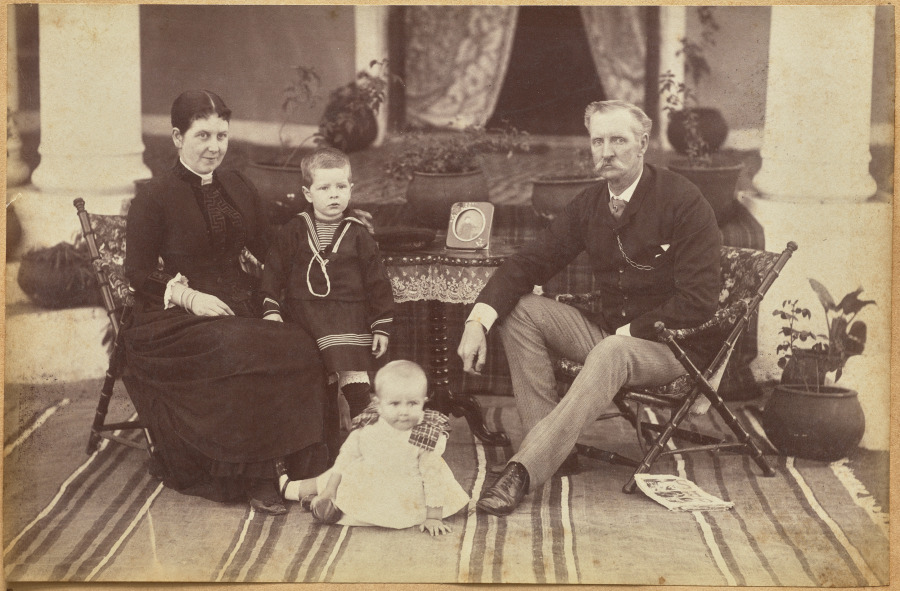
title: Col. Carpendale and family, Neemuch (recto, bottom)
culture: India
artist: Raja Deen Dayal (Indian, 1844–1905)
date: c. 1882–87
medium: albumen print
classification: Photograph
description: These photographs are part of an album, now disassembled, of around 105 photographs taken in India between 1885 and summer 1887 that provide glimpses into the lives of the British colonial elite and royal and upper-class Indians. The museum holds another group of 37 pictures from this album (2016.266), which was probably commissioned by a British civil servant visiting or working in India around 1888 as a personal souvenir of his experiences there.
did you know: Raja Deen Dayal is regarded now, and was considered during his lifetime, to be India’s most important 19th-century photographer.
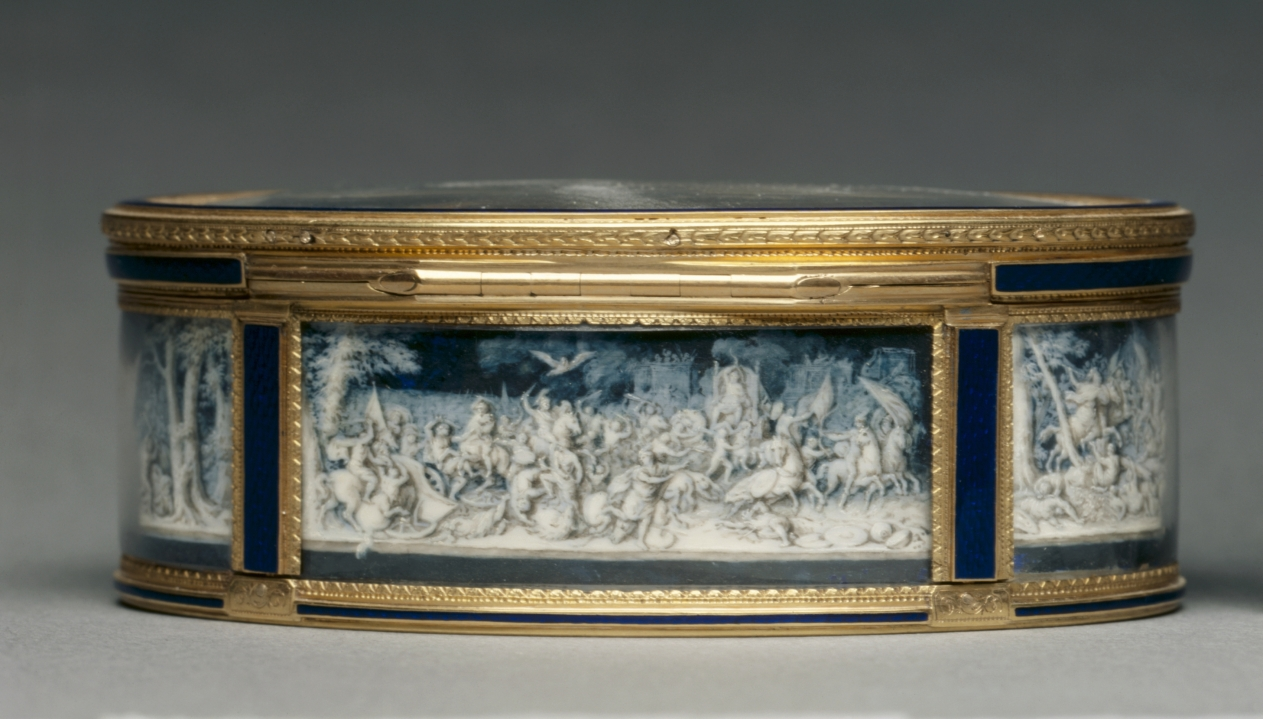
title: Snuff Box (Tabatière)
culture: France, 18th century
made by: Pierre Marie Gault De Saint-Germain (French, 1754–1842)
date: 1779–80
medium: gold and enamel
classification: Miscellaneous
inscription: [Warden's mark for Paris, 1779-1780, inside bottom; inside cover]
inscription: [Illegible maker's mark, inside bottom; inside cover]
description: Decorated with images derived from ancient Greek and Roman history in the style of cameos, intricately carved gemstones, this box evokes the rising neoclassical imagery in France. The scenes on the box recount several key events in the life of Alexander the Great. The enameled works were inspired by a series of prints by Sébastien Leclerc which drew from a series of paintings by Charles Le Brun.
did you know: The original series painted by Charles Le Brun, The Battles of Alexander (Les Batailles d’Alexandre) (1600s), was commissioned by King Louis XIV of France.

__Exercise objective__. If a picture appears among the entries, omit it and reproduce everything else exactly.

__Answer for this exercise__.
title: Col. Carpendale and family, Neemuch (recto, bottom)
culture: India
artist: Raja Deen Dayal (Indian, 1844–1905)
date: c. 1882–87
medium: albumen print
classification: Photograph
description: These photographs are part of an album, now disassembled, of around 105 photographs taken in India between 1885 and summer 1887 that provide glimpses into the lives of the British colonial elite and royal and upper-class Indians. The museum holds another group of 37 pictures from this album (2016.266), which was probably commissioned by a British civil servant visiting or working in India around 1888 as a personal souvenir of his experiences there.
did you know: Raja Deen Dayal is regarded now, and was considered during his lifetime, to be India’s most important 19th-century photographer.
title: Snuff Box (Tabatière)
culture: France, 18th century
made by: Pierre Marie Gault De Saint-Germain (French, 1754–1842)
date: 1779–80
medium: gold and enamel
classification: Miscellaneous
inscription: [Warden's mark for Paris, 1779-1780, inside bottom; inside cover]
inscription: [Illegible maker's mark, inside bottom; inside cover]
description: Decorated with images derived from ancient Greek and Roman history in the style of cameos, intricately carved gemstones, this box evokes the rising neoclassical imagery in France. The scenes on the box recount several key events in the life of Alexander the Great. The enameled works were inspired by a series of prints by Sébastien Leclerc which drew from a series of paintings by Charles Le Brun.
did you know: The original series painted by Charles Le Brun, The Battles of Alexander (Les Batailles d’Alexandre) (1600s), was commissioned by King Louis XIV of France.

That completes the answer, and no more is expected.